# Scott Foil Frame



## biggunnz (May 27, 2013)

Hello I have a chance of picking up a new 2012 foil frame for a nice price. However I believe it's di2 and I want to run Sram force 22. I have read that these frames are either electronic or mechanical not and\or. Can anyone verify if this this the case? Thank you


----------



## smoo (Sep 20, 2007)

Yes, for the 2013 frames at least there are different mechanical and Di2 versions - I assume that the 2012 ones are the same. You would need to cut a big hole underneath the BB for the cable guide and also get hold of the plastic cable guide and mechanical cable stop inserts (which are available as a kit I believe). If you can find a professional willing to modify the frame (or are very confident yourself) it could be an option however.


----------



## zigmeister (Jan 26, 2012)

Scott Foil Premium and Foil 15 are Di2 specific.

All others are mechanic.


----------



## jsoares (Jan 13, 2012)

If the Foil frame is intended for Di2 cable routing, you can't run mechanical groups other way than odd adaptations.


----------



## mdalgic (Jun 1, 2014)

I have bought Scott Foil Premium 2013 frameset and I have just learned that I can not use it with mechanical shifting. I can not afford electronic shifting. What modifications should I do to the frame?


----------



## MMsRepBike (Apr 1, 2014)

mdalgic said:


> I have bought Scott Foil Premium 2013 frameset and I have just learned that I can not use it with mechanical shifting. I can not afford electronic shifting. What modifications should I do to the frame?


You should carefully wrap it up and stick it in the corner.

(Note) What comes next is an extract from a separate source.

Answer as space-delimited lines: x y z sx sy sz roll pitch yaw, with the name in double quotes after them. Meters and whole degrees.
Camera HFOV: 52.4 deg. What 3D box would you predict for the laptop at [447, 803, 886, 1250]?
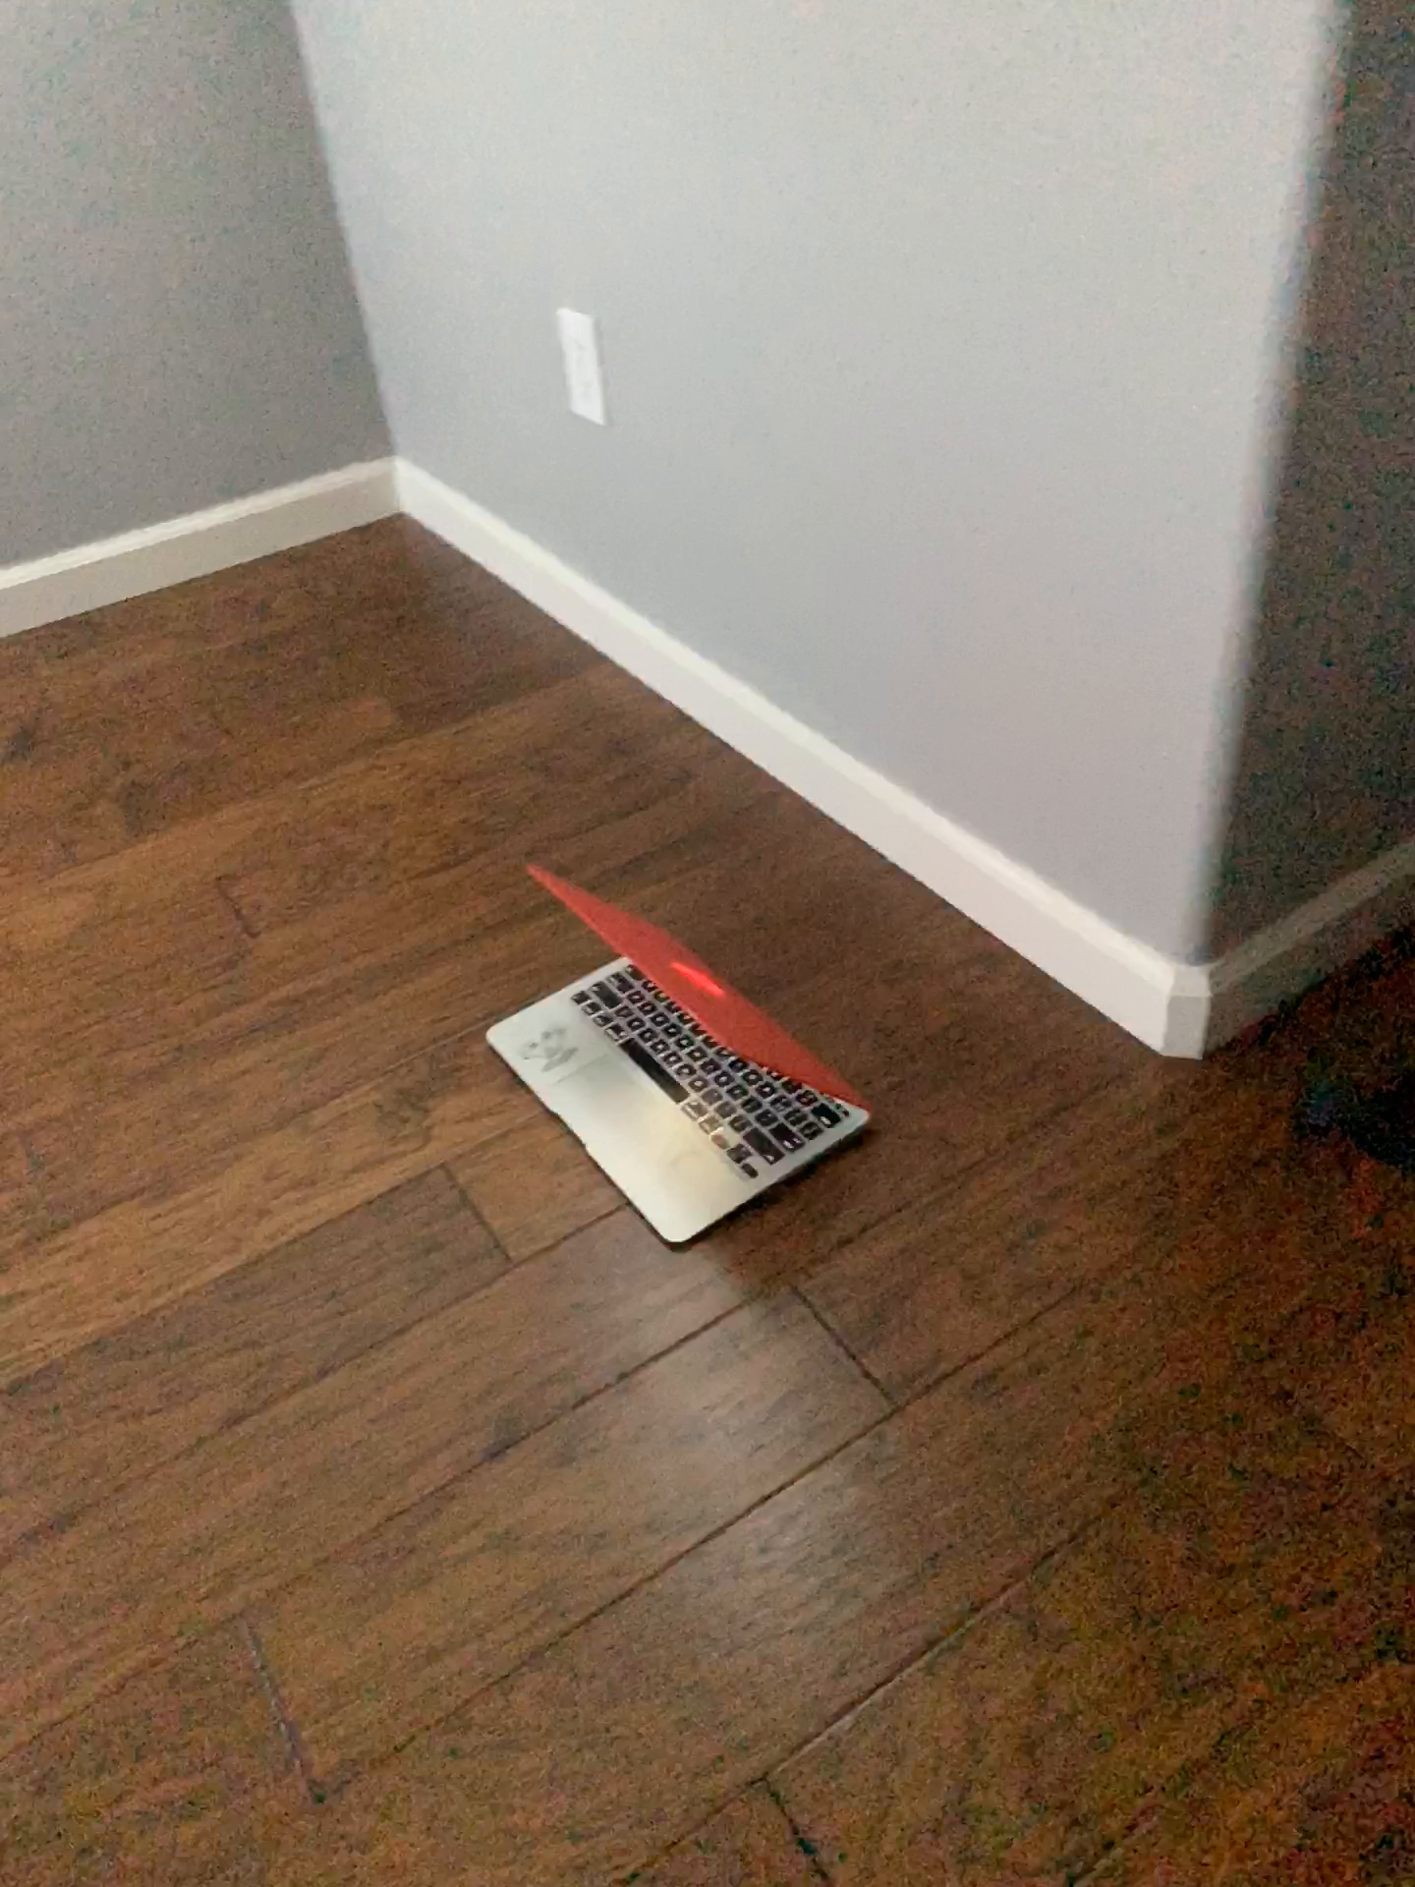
-0.035 0.050 1.131 0.198 0.139 0.303 -27 43 -23 "laptop"

It'll wait right there for you while you're at work earning the cash for electronic.


----------



## smoo (Sep 20, 2007)

Or you could just buy this:

Scott Foil Cable Guide Kit - Scott from Westbrook Cycles UK

and then cut a big rectangular hole in the bottom of the BB to accept the bit on the right. There should be a little leeway for error - the hole needs to be big enough for the cable guide to go in but small enough to support the lip at the bottom. 

Dremel?* 

(*bla bla, accepts no responsibility etc, bla bla, etc...:wink5


----------